* _Your instructions_
Using the records below, repeat exactly the lines from the one holding "Provide a short and direct response. 178.47." through the one holding "Offer a terse response. -33.55.", both ends included, and no others.

⁂

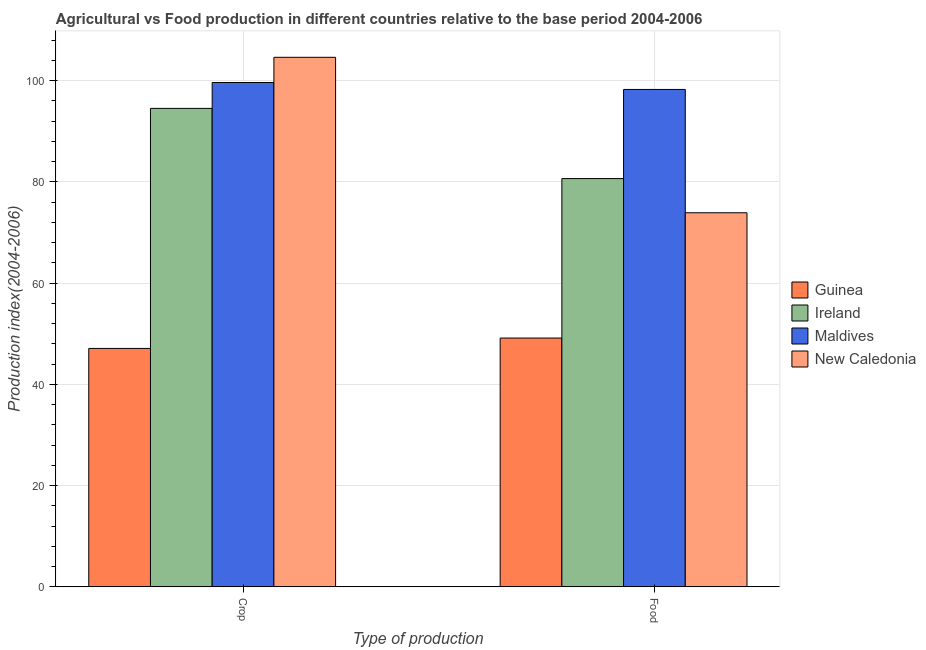How many different coloured bars are there?
Your answer should be compact. 4. Are the number of bars per tick equal to the number of legend labels?
Give a very brief answer. Yes. How many bars are there on the 1st tick from the right?
Offer a terse response. 4. What is the label of the 2nd group of bars from the left?
Offer a terse response. Food. What is the crop production index in Ireland?
Provide a short and direct response. 94.5. Across all countries, what is the maximum food production index?
Offer a very short reply. 98.24. Across all countries, what is the minimum food production index?
Make the answer very short. 49.13. In which country was the crop production index maximum?
Provide a short and direct response. New Caledonia. In which country was the food production index minimum?
Provide a succinct answer. Guinea. What is the total food production index in the graph?
Your answer should be very brief. 301.88. What is the difference between the food production index in Maldives and that in Ireland?
Offer a terse response. 17.61. What is the difference between the crop production index in New Caledonia and the food production index in Guinea?
Keep it short and to the point. 55.46. What is the average crop production index per country?
Your response must be concise. 86.44. What is the difference between the crop production index and food production index in Ireland?
Provide a succinct answer. 13.87. In how many countries, is the crop production index greater than 100 ?
Give a very brief answer. 1. What is the ratio of the food production index in Guinea to that in Maldives?
Offer a terse response. 0.5. In how many countries, is the food production index greater than the average food production index taken over all countries?
Your response must be concise. 2. What does the 3rd bar from the left in Food represents?
Provide a short and direct response. Maldives. What does the 4th bar from the right in Crop represents?
Provide a short and direct response. Guinea. How many countries are there in the graph?
Your answer should be very brief. 4. Does the graph contain any zero values?
Give a very brief answer. No. Does the graph contain grids?
Ensure brevity in your answer.  Yes. Where does the legend appear in the graph?
Your response must be concise. Center right. How are the legend labels stacked?
Provide a short and direct response. Vertical. What is the title of the graph?
Offer a terse response. Agricultural vs Food production in different countries relative to the base period 2004-2006. What is the label or title of the X-axis?
Provide a short and direct response. Type of production. What is the label or title of the Y-axis?
Your response must be concise. Production index(2004-2006). What is the Production index(2004-2006) of Guinea in Crop?
Make the answer very short. 47.08. What is the Production index(2004-2006) in Ireland in Crop?
Give a very brief answer. 94.5. What is the Production index(2004-2006) of Maldives in Crop?
Make the answer very short. 99.61. What is the Production index(2004-2006) in New Caledonia in Crop?
Your response must be concise. 104.59. What is the Production index(2004-2006) in Guinea in Food?
Your response must be concise. 49.13. What is the Production index(2004-2006) in Ireland in Food?
Make the answer very short. 80.63. What is the Production index(2004-2006) in Maldives in Food?
Provide a succinct answer. 98.24. What is the Production index(2004-2006) in New Caledonia in Food?
Ensure brevity in your answer.  73.88. Across all Type of production, what is the maximum Production index(2004-2006) in Guinea?
Your answer should be compact. 49.13. Across all Type of production, what is the maximum Production index(2004-2006) in Ireland?
Your answer should be very brief. 94.5. Across all Type of production, what is the maximum Production index(2004-2006) in Maldives?
Your answer should be compact. 99.61. Across all Type of production, what is the maximum Production index(2004-2006) of New Caledonia?
Provide a short and direct response. 104.59. Across all Type of production, what is the minimum Production index(2004-2006) in Guinea?
Your answer should be very brief. 47.08. Across all Type of production, what is the minimum Production index(2004-2006) of Ireland?
Provide a short and direct response. 80.63. Across all Type of production, what is the minimum Production index(2004-2006) of Maldives?
Ensure brevity in your answer.  98.24. Across all Type of production, what is the minimum Production index(2004-2006) in New Caledonia?
Your response must be concise. 73.88. What is the total Production index(2004-2006) of Guinea in the graph?
Your response must be concise. 96.21. What is the total Production index(2004-2006) of Ireland in the graph?
Ensure brevity in your answer.  175.13. What is the total Production index(2004-2006) in Maldives in the graph?
Offer a very short reply. 197.85. What is the total Production index(2004-2006) in New Caledonia in the graph?
Provide a short and direct response. 178.47. What is the difference between the Production index(2004-2006) of Guinea in Crop and that in Food?
Give a very brief answer. -2.05. What is the difference between the Production index(2004-2006) in Ireland in Crop and that in Food?
Provide a short and direct response. 13.87. What is the difference between the Production index(2004-2006) in Maldives in Crop and that in Food?
Provide a short and direct response. 1.37. What is the difference between the Production index(2004-2006) in New Caledonia in Crop and that in Food?
Offer a very short reply. 30.71. What is the difference between the Production index(2004-2006) of Guinea in Crop and the Production index(2004-2006) of Ireland in Food?
Offer a terse response. -33.55. What is the difference between the Production index(2004-2006) in Guinea in Crop and the Production index(2004-2006) in Maldives in Food?
Make the answer very short. -51.16. What is the difference between the Production index(2004-2006) of Guinea in Crop and the Production index(2004-2006) of New Caledonia in Food?
Ensure brevity in your answer.  -26.8. What is the difference between the Production index(2004-2006) in Ireland in Crop and the Production index(2004-2006) in Maldives in Food?
Provide a succinct answer. -3.74. What is the difference between the Production index(2004-2006) of Ireland in Crop and the Production index(2004-2006) of New Caledonia in Food?
Give a very brief answer. 20.62. What is the difference between the Production index(2004-2006) of Maldives in Crop and the Production index(2004-2006) of New Caledonia in Food?
Give a very brief answer. 25.73. What is the average Production index(2004-2006) in Guinea per Type of production?
Give a very brief answer. 48.1. What is the average Production index(2004-2006) of Ireland per Type of production?
Give a very brief answer. 87.56. What is the average Production index(2004-2006) of Maldives per Type of production?
Provide a short and direct response. 98.92. What is the average Production index(2004-2006) in New Caledonia per Type of production?
Your answer should be very brief. 89.23. What is the difference between the Production index(2004-2006) of Guinea and Production index(2004-2006) of Ireland in Crop?
Offer a very short reply. -47.42. What is the difference between the Production index(2004-2006) of Guinea and Production index(2004-2006) of Maldives in Crop?
Keep it short and to the point. -52.53. What is the difference between the Production index(2004-2006) in Guinea and Production index(2004-2006) in New Caledonia in Crop?
Your answer should be compact. -57.51. What is the difference between the Production index(2004-2006) in Ireland and Production index(2004-2006) in Maldives in Crop?
Keep it short and to the point. -5.11. What is the difference between the Production index(2004-2006) in Ireland and Production index(2004-2006) in New Caledonia in Crop?
Provide a succinct answer. -10.09. What is the difference between the Production index(2004-2006) of Maldives and Production index(2004-2006) of New Caledonia in Crop?
Your answer should be very brief. -4.98. What is the difference between the Production index(2004-2006) in Guinea and Production index(2004-2006) in Ireland in Food?
Keep it short and to the point. -31.5. What is the difference between the Production index(2004-2006) in Guinea and Production index(2004-2006) in Maldives in Food?
Provide a short and direct response. -49.11. What is the difference between the Production index(2004-2006) in Guinea and Production index(2004-2006) in New Caledonia in Food?
Give a very brief answer. -24.75. What is the difference between the Production index(2004-2006) of Ireland and Production index(2004-2006) of Maldives in Food?
Ensure brevity in your answer.  -17.61. What is the difference between the Production index(2004-2006) of Ireland and Production index(2004-2006) of New Caledonia in Food?
Your answer should be compact. 6.75. What is the difference between the Production index(2004-2006) in Maldives and Production index(2004-2006) in New Caledonia in Food?
Your answer should be very brief. 24.36. What is the ratio of the Production index(2004-2006) of Ireland in Crop to that in Food?
Offer a very short reply. 1.17. What is the ratio of the Production index(2004-2006) of Maldives in Crop to that in Food?
Give a very brief answer. 1.01. What is the ratio of the Production index(2004-2006) in New Caledonia in Crop to that in Food?
Your response must be concise. 1.42. What is the difference between the highest and the second highest Production index(2004-2006) in Guinea?
Your response must be concise. 2.05. What is the difference between the highest and the second highest Production index(2004-2006) in Ireland?
Keep it short and to the point. 13.87. What is the difference between the highest and the second highest Production index(2004-2006) of Maldives?
Keep it short and to the point. 1.37. What is the difference between the highest and the second highest Production index(2004-2006) in New Caledonia?
Keep it short and to the point. 30.71. What is the difference between the highest and the lowest Production index(2004-2006) in Guinea?
Offer a very short reply. 2.05. What is the difference between the highest and the lowest Production index(2004-2006) of Ireland?
Ensure brevity in your answer.  13.87. What is the difference between the highest and the lowest Production index(2004-2006) of Maldives?
Provide a succinct answer. 1.37. What is the difference between the highest and the lowest Production index(2004-2006) of New Caledonia?
Provide a short and direct response. 30.71.

⁂

* _Response to the exercise_
Provide a short and direct response. 178.47. What is the difference between the Production index(2004-2006) of Guinea in Crop and that in Food?
Give a very brief answer. -2.05. What is the difference between the Production index(2004-2006) in Ireland in Crop and that in Food?
Provide a short and direct response. 13.87. What is the difference between the Production index(2004-2006) in Maldives in Crop and that in Food?
Provide a short and direct response. 1.37. What is the difference between the Production index(2004-2006) in New Caledonia in Crop and that in Food?
Offer a very short reply. 30.71. What is the difference between the Production index(2004-2006) of Guinea in Crop and the Production index(2004-2006) of Ireland in Food?
Offer a terse response. -33.55. What is the difference between the Production index(2004-2006) in Guinea in Crop and the Production index(2004-2006) in Maldives in Food?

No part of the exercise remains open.